Ian Roberts is an epidemiologist, but he's venturing into territory usually reserved for breakfast cereal ads and Rudolph the Red-Nosed Reindeer. He's created a claymation cartoon to boost the use of a drug that could keep trauma patients from bleeding to death.
The drug, tranexamic acid, stops bleeding by helping the blood clot. In 2010, Roberts, a professor at the London School of Hygiene and Tropical Medicine, tested it in adult trauma patients who were bleeding excessively in a large clinical trial called CRASH-2.
As far as these large trials go, tranexamic acid was a success. In more than 10,000 patients who took it within eight hours of their injury, the drug lowered the risk of death to 14.5 percent and the risk of bleeding to death to less than 5 percent, compared with 16 percent and 5.7 percent for injured patients who got a placebo.
The drug is inexpensive, costing about $10 per patient, and Roberts estimates that this generic, off-patent drug could save 140,000 lives around the world each year.
Despite the success of the experiment, there was one major problem: Almost no one was using this life-saving drug. In a 2011 analysis of hospitals in the United Kingdom, Roberts found that of 412 trauma patients who were eligible to take tranexamic acid, only 12 got it.
"I've been doing clinical trials for 20 years, and you just don't get better results than what we got for tranexamic acid. It's cheap, it's safe and it's effective," Roberts said. "But lots of people don't even know about these results."
Roberts decided to spread the word about the drug. He recruited his nephew, Hywel Roberts, a 22-year-old animation student at the University of Bristol, to help him create a 40-second stop motion, claymation video to describe the drug and encourage viewers to see the evidence of its effectiveness for themselves by reading the results of the CRASH-2 trial.
The video is geared toward doctors, a group that relies heavily on evidence and data to determine how to treat patients.
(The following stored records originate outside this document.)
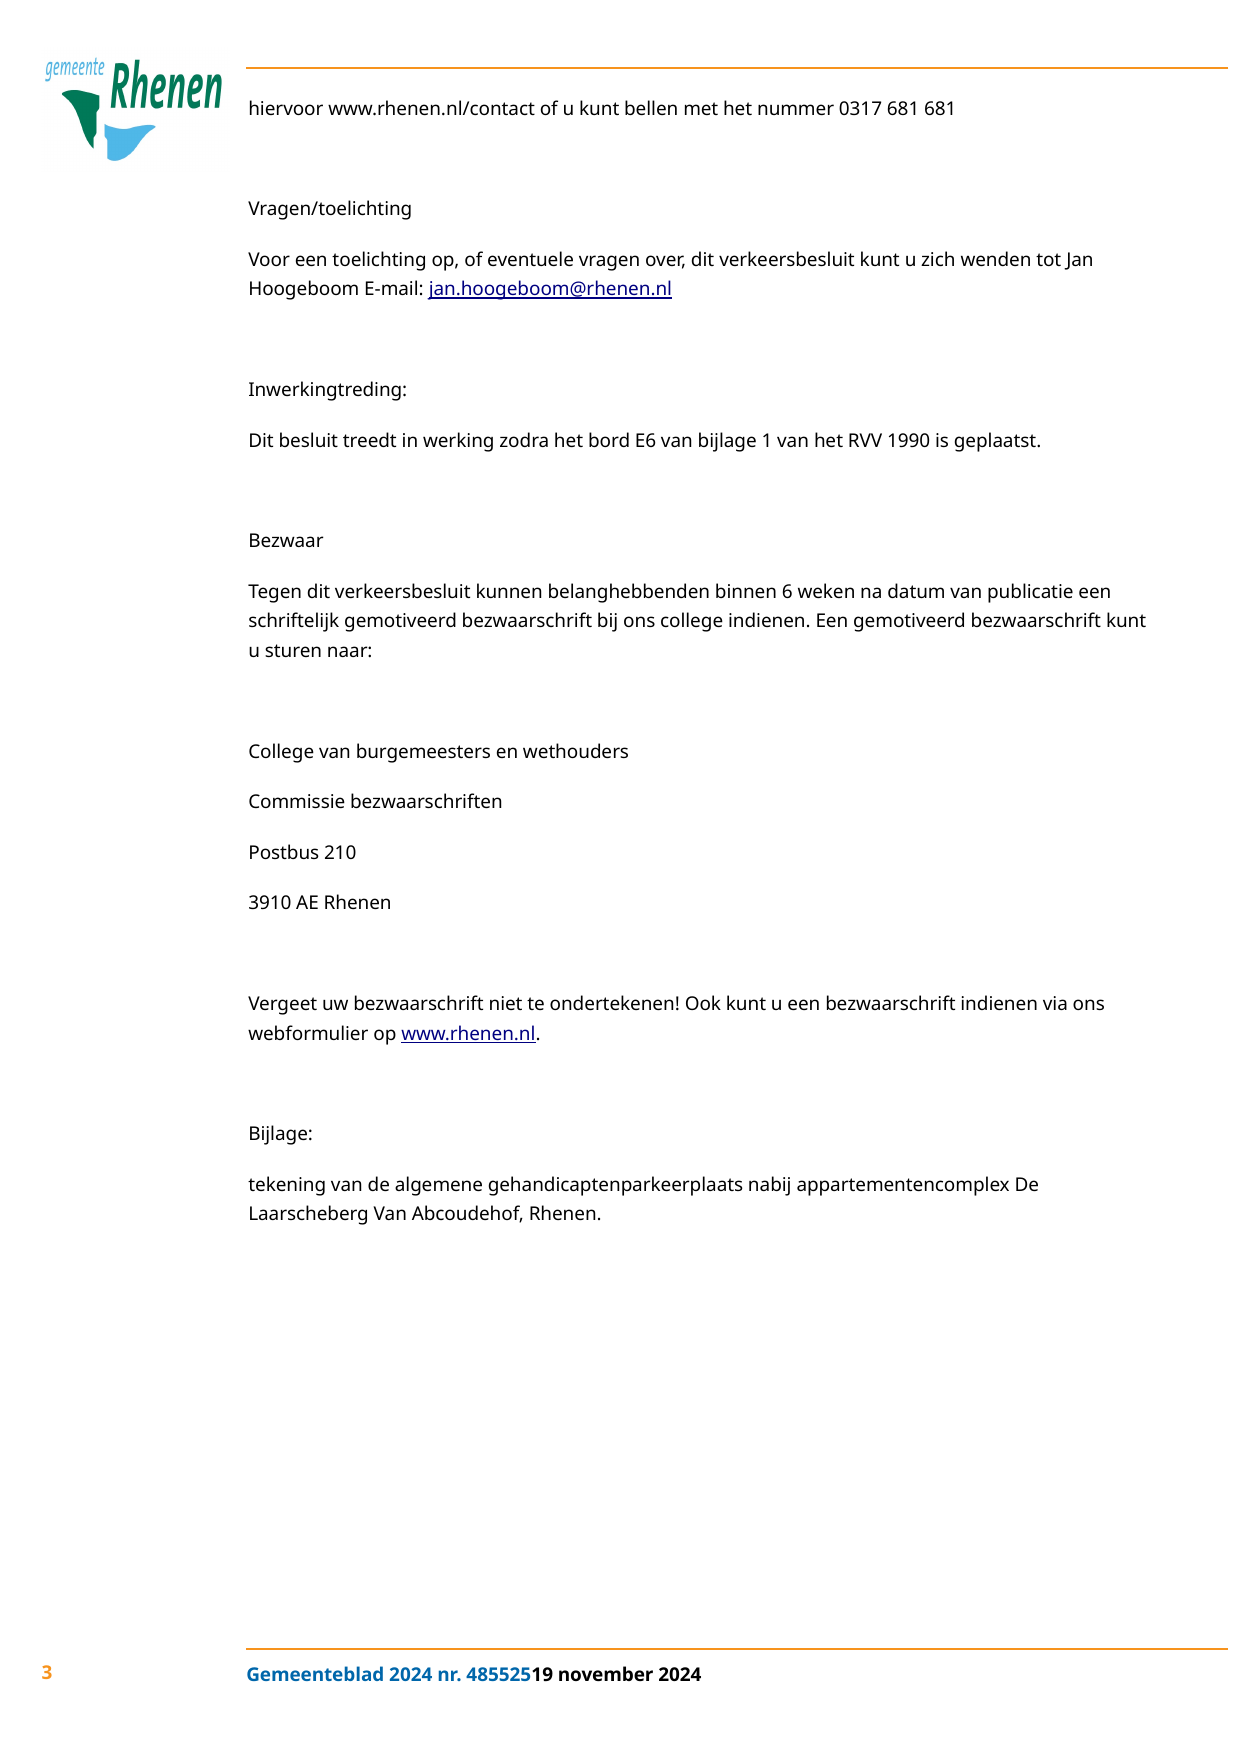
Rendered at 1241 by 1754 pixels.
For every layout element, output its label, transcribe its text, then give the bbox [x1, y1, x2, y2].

text Inwerkingtreding: [248, 376, 1152, 402]
text Dit besluit treedt in werking zodra het bord E6 van bijlage 1 van het RVV 1990 is geplaatst. [248, 427, 1152, 453]
text 3910 AE Rhenen [248, 889, 1152, 915]
picture [41, 47, 231, 172]
text hiervoor www.rhenen.nl/contact of u kunt bellen met het nummer 0317 681 681 [248, 95, 1152, 121]
text Vergeet uw bezwaarschrift niet te ondertekenen! Ook kunt u een bezwaarschrift indienen via ons webformulier op www.rhenen.nl. [248, 990, 1152, 1046]
text Bezwaar [248, 528, 1152, 553]
text College van burgemeesters en wethouders [248, 738, 1152, 764]
text Tegen dit verkeersbesluit kunnen belanghebbenden binnen 6 weken na datum van publicatie een schriftelijk gemotiveerd bezwaarschrift bij ons college indienen. Een gemotiveerd bezwaarschrift kunt u sturen naar: [248, 578, 1152, 663]
text Voor een toelichting op, of eventuele vragen over, dit verkeersbesluit kunt u zich wenden tot Jan Hoogeboom E-mail: jan.hoogeboom@rhenen.nl [248, 246, 1152, 301]
text Postbus 210 [248, 839, 1152, 865]
text Vragen/toelichting [248, 196, 1152, 221]
text Bijlage: [248, 1121, 1152, 1146]
text tekening van de algemene gehandicaptenparkeerplaats nabij appartementencomplex De Laarscheberg Van Abcoudehof, Rhenen. [248, 1171, 1152, 1226]
text Commissie bezwaarschriften [248, 788, 1152, 814]
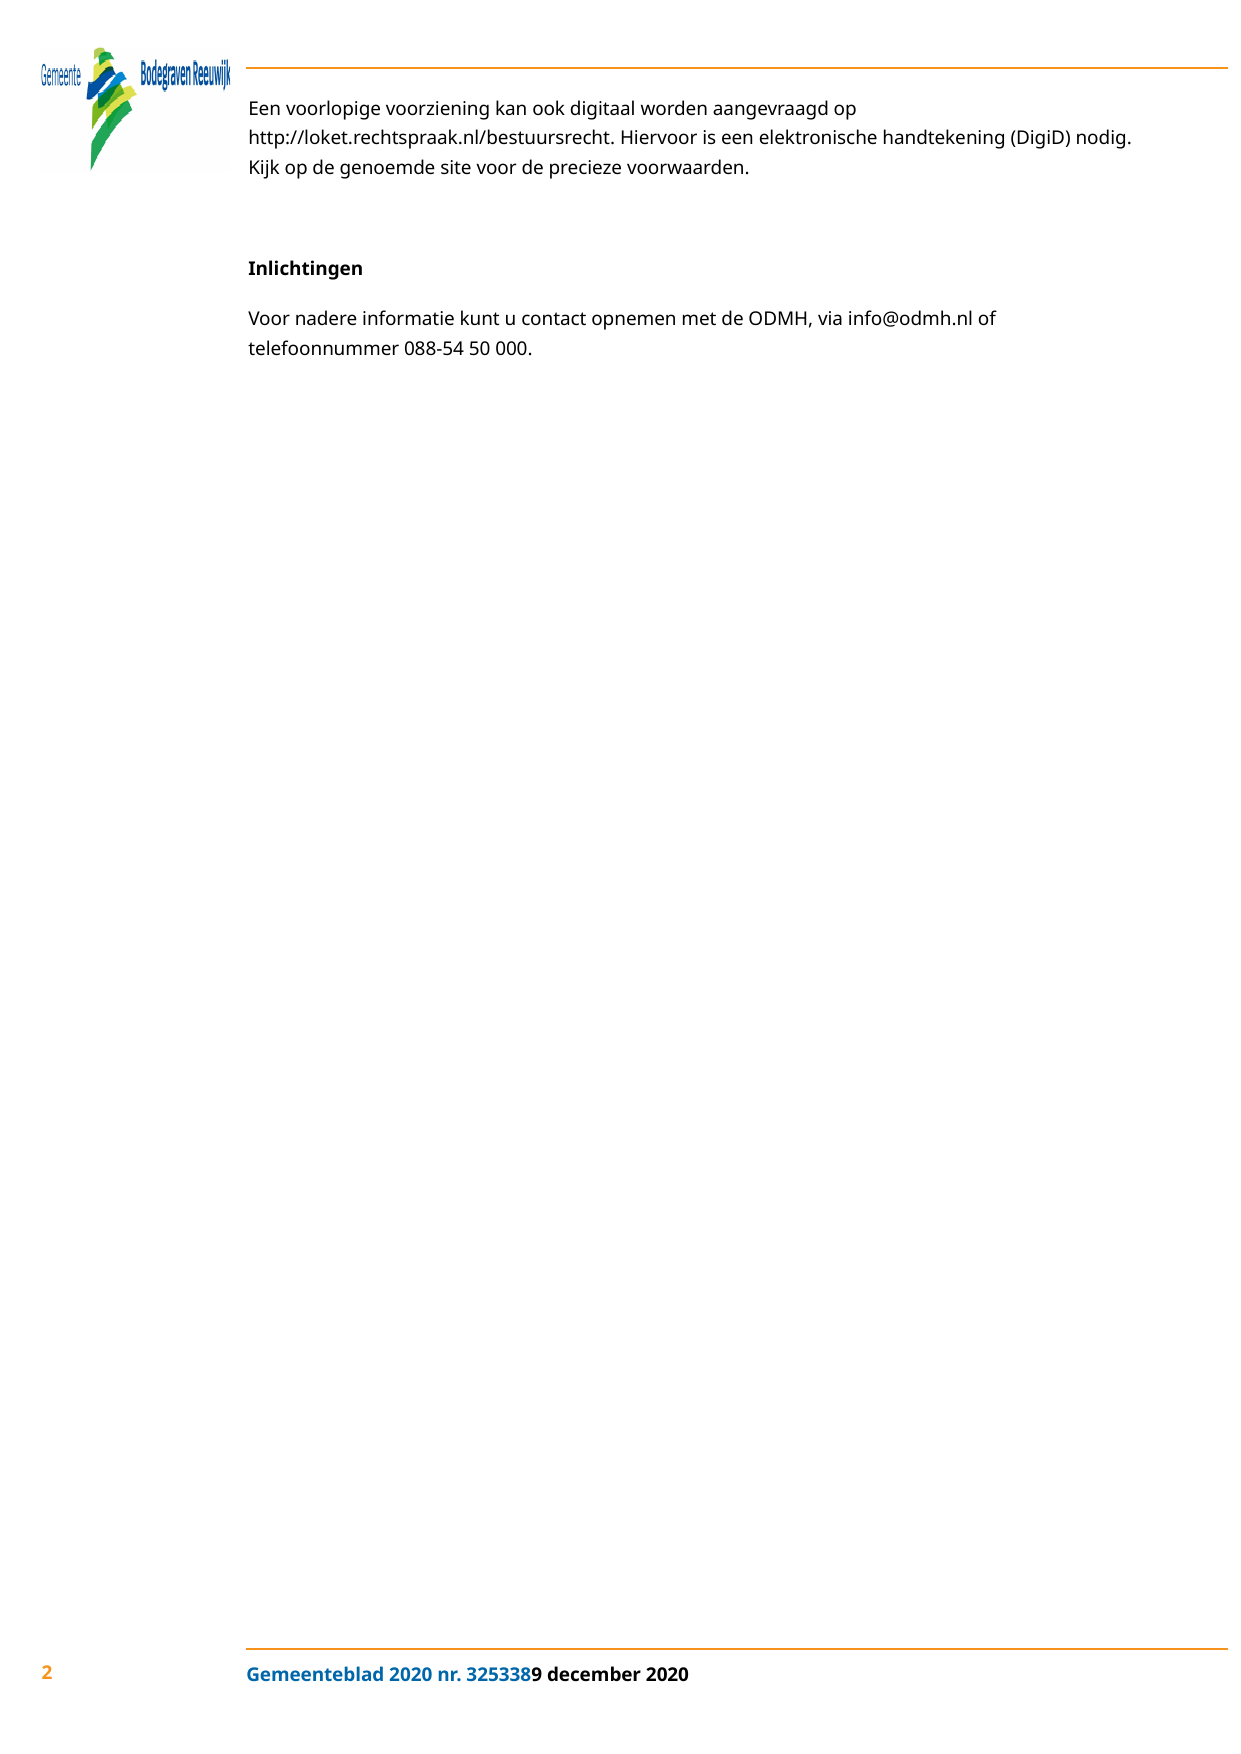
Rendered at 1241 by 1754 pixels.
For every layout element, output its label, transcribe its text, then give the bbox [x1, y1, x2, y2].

text Een voorlopige voorziening kan ook digitaal worden aangevraagd op http://loket.rechtspraak.nl/bestuursrecht. Hiervoor is een elektronische handtekening (DigiD) nodig. Kijk op de genoemde site voor de precieze voorwaarden. [248, 95, 1152, 180]
picture [41, 47, 231, 172]
text Inlichtingen [248, 255, 1152, 281]
text Voor nadere informatie kunt u contact opnemen met de ODMH, via info@odmh.nl of telefoonnummer 088-54 50 000. [248, 305, 1152, 361]
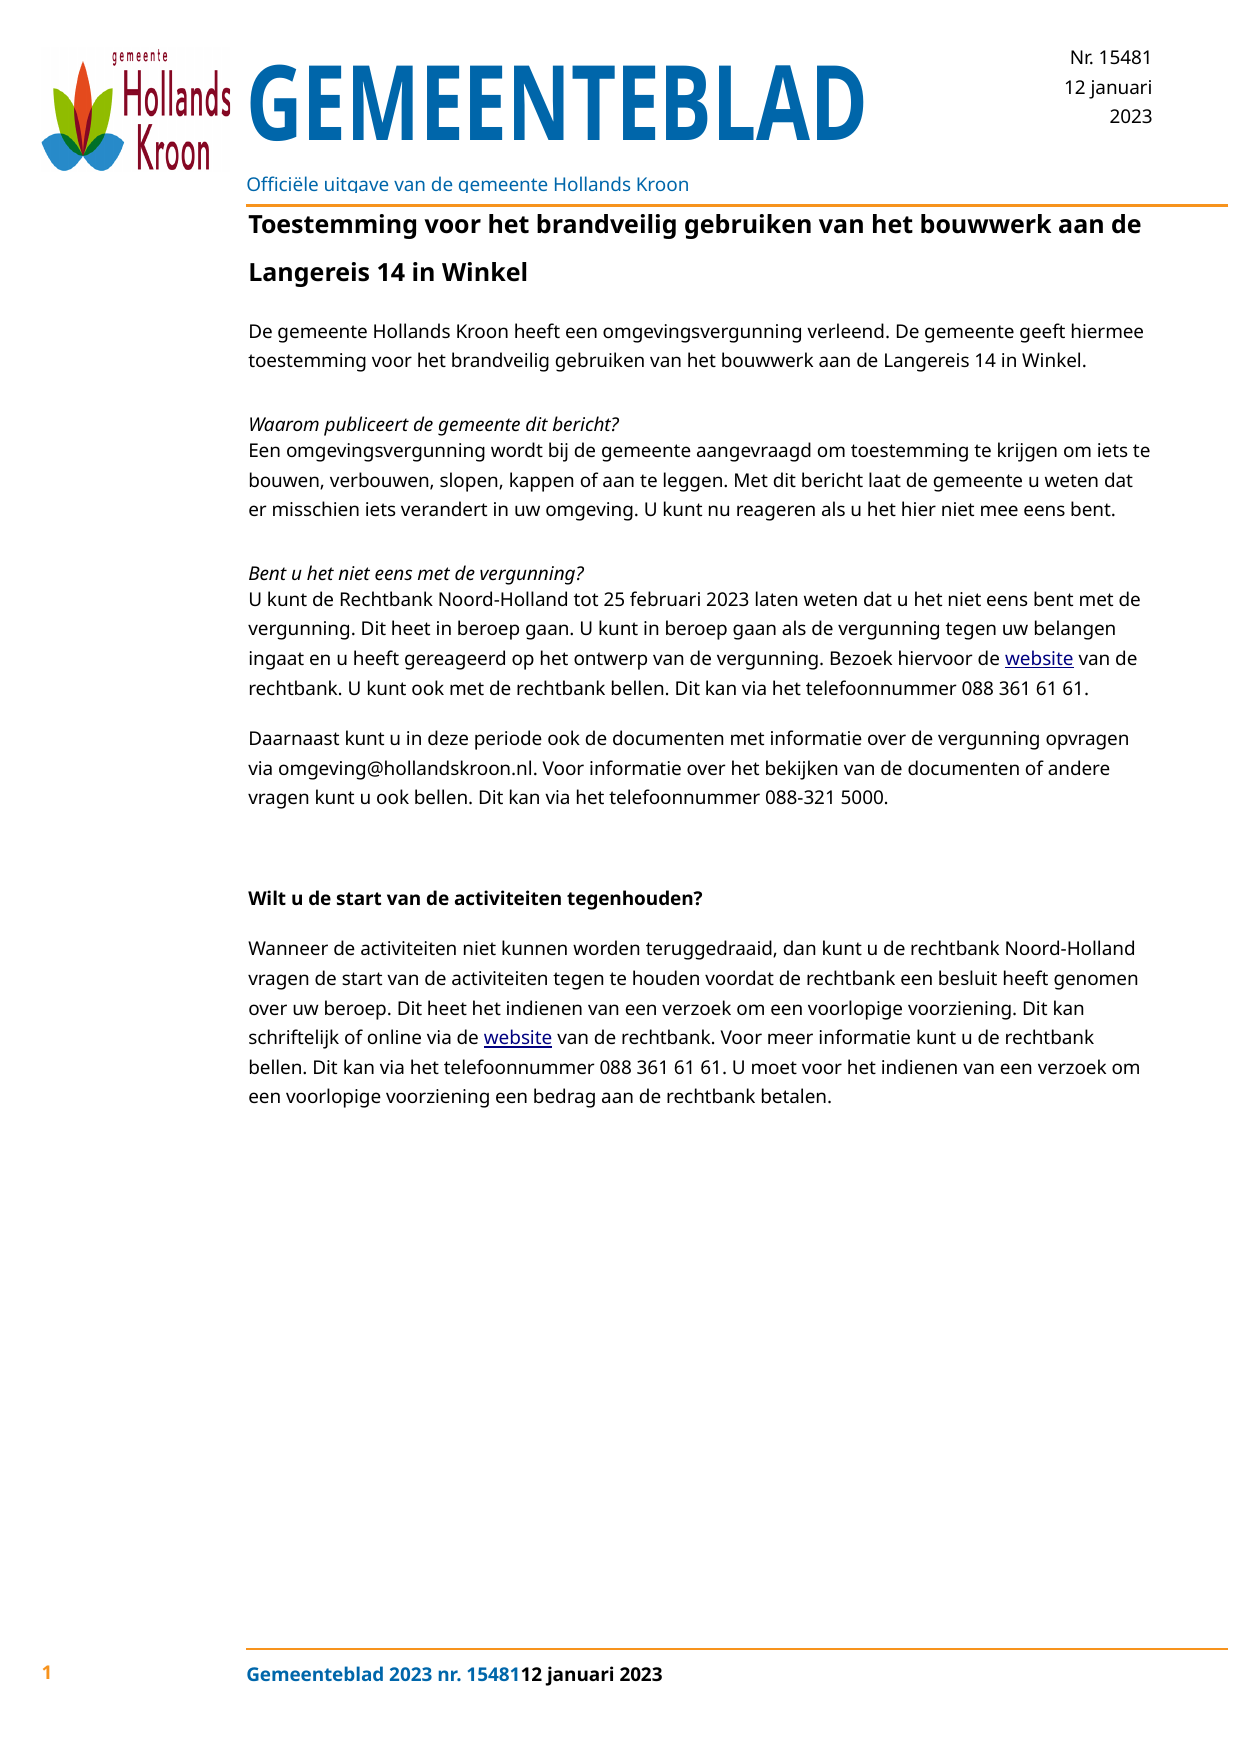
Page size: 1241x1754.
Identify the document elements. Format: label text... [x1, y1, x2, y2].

text Waarom publiceert de gemeente dit bericht? [248, 411, 1152, 437]
text Wilt u de start van de activiteiten tegenhouden? [248, 885, 1152, 911]
text Een omgevingsvergunning wordt bij de gemeente aangevraagd om toestemming te krijgen om iets te bouwen, verbouwen, slopen, kappen of aan te leggen. Met dit bericht laat de gemeente u weten dat er misschien iets verandert in uw omgeving. U kunt nu reageren als u het hier niet mee eens bent. [248, 437, 1152, 522]
text Daarnaast kunt u in deze periode ook de documenten met informatie over de vergunning opvragen via omgeving@hollandskroon.nl. Voor informatie over het bekijken van de documenten of andere vragen kunt u ook bellen. Dit kan via het telefoonnummer 088-321 5000. [248, 725, 1152, 810]
picture [41, 47, 231, 172]
text Toestemming voor het brandveilig gebruiken van het bouwwerk aan de Langereis 14 in Winkel [248, 207, 1152, 288]
text U kunt de Rechtbank Noord-Holland tot 25 februari 2023 laten weten dat u het niet eens bent met de vergunning. Dit heet in beroep gaan. U kunt in beroep gaan als de vergunning tegen uw belangen ingaat en u heeft gereageerd op het ontwerp van de vergunning. Bezoek hiervoor de website van de rechtbank. U kunt ook met de rechtbank bellen. Dit kan via het telefoonnummer 088 361 61 61. [248, 586, 1152, 701]
text Bent u het niet eens met de vergunning? [248, 560, 1152, 586]
text Wanneer de activiteiten niet kunnen worden teruggedraaid, dan kunt u de rechtbank Noord-Holland vragen de start van de activiteiten tegen te houden voordat de rechtbank een besluit heeft genomen over uw beroep. Dit heet het indienen van een verzoek om een voorlopige voorziening. Dit kan schriftelijk of online via de website van de rechtbank. Voor meer informatie kunt u de rechtbank bellen. Dit kan via het telefoonnummer 088 361 61 61. U moet voor het indienen van een verzoek om een voorlopige voorziening een bedrag aan de rechtbank betalen. [248, 936, 1152, 1109]
text De gemeente Hollands Kroon heeft een omgevingsvergunning verleend. De gemeente geeft hiermee toestemming voor het brandveilig gebruiken van het bouwwerk aan de Langereis 14 in Winkel. [248, 318, 1152, 373]

But Roberts said he tried to use something other than cold, hard facts to catch the eye of medical professionals.
"What makes things move on the Web is emotion," Roberts said. "It's not a funny problem, but we were looking to inject surprise and a bit of emotion into it. That's the bit that scientists take out of their research."
But some doctors may not be that receptive.
"For most physicians, what will change their practice will not be a clever animation," said Dr. Ronald Simon, director of the trauma center at Bellevue Hospital in New York City. "In order for there to be a real buy-in, they'll need real evidence that it works."
Although the CRASH-2 trial was well done, Simon said that because it was not conducted in the U.S., American doctors will be more reluctant to adopt tranexamic acid as a treatment for their trauma patients. They'll be more likely to use drugs with which they're more familiar, such as Factor VII, even though these drugs are often more expensive and perhaps less effective than tranexamic acid.
"The data on Factor VII is nowhere near as strong as in the CRASH-2 trial," Simon said. "But because American surgeons have more experience with it, they use it much more."